Was a blending of majesty, sweetness and grace,

Himself he forgot in his love for his race.

The truths which he uttered all time will applaud,

For his lips caught their flame from the altar of God.

Who can love in this life, and yet truly be wise?

Who can hate, and still see with unprejudiced eyes?

Our passions envelop our visions with mist;

Their whirlwinds transport us wherever they list.

To tenderly love and judge all hearts aright

Belongs to One only—the Father of Light,

Who sits on the throne with white radiance burning—

In whom is no variableness nor shadow of turning.

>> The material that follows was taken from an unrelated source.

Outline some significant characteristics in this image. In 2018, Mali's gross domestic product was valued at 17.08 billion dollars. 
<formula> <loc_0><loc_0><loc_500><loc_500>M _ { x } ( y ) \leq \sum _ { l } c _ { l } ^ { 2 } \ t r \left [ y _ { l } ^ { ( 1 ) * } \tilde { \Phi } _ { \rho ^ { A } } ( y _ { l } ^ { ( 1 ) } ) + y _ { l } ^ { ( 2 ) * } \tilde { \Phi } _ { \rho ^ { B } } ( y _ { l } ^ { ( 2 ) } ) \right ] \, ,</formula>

Fallen, fallen, is the storm-shattered oak of the South;

Fallen, fallen, is the strong, stately pine of the North;

One combatant loses, another one wins—

God have mercy on both and forgive them their sins.

And if a man conquer, or if he should lose,

’Tis naught if the Great Judge His mercy refuse.

And now, all unheeding earth’s praises or blame,

Thy two sons, Kentucky, repose in their fame.

The victor struck down while the jubilant cheer

Of honor and victory rang in his ear;

The vanquished, who suffered in silence his lot,

When the empire and glory he dreamed of were not.

New Orleans and Springfield have taken to rest

Two children, Kentucky, who nursed at thy breast.

Oh, Hardin and Christian, the homes of the great,

Forgetfulness veils, through the satire of fate,

While fame blazons far to the ends of the earth

The log huts which gave to your progeny birth.

The leaders of millions lie helpless and lone

As the soldiers who perished unnoticed, unknown.

Take them tenderly, dear Mother Earth, to thy breast,

To sleep in their “windowless palace of rest.”

I hear, as I stand, pressed with grief, by your graves,

A murmur, soft, strong, as of waves upon waves;

And memory’s harp, with its mystical strings,

Recalls, with the sweeping of infinite wings,

How precious that flag by our fathers unfurled—

White flower of charity, light of the world,

Float ever, proud banner of freedom sublime,

Till the judgment’s last trump sounds the ending of time.

The Christmas Eve bells were all ringing aloud,

When I dreamed that I saw on God’s bow in the cloud—

Its red like the rose dawn of Easter’s bright day;

Its blue like the love that abideth for aye;

Its gold the reflection of Paradise street;

Its white the effulgence of God’s mercy seat—

An Angel, calm, radiant, of presence august,

The great, golden balance of mercy adjust;

And millions of martyrs on battlefields slain,

Like the voice of the ocean, repeated the strain:

“O, States of the Union, all warfare shall cease;

Christ lifts o’er the nation the banner of peace,

As the prism-banded bow of the sky stanched the flood

Its earth-child, the flag, ends the deluge of blood.

War’s death-dealing cloud has forever rolled by,

And Peace, with her olive branch, smiles from the sky

Forever is silenced dissension’s wild roar;

The demon of hate rends the Union no more.”

And, lo! the bells answered from valley and hill:

“Peace, peace upon earth, to all men of good-will!”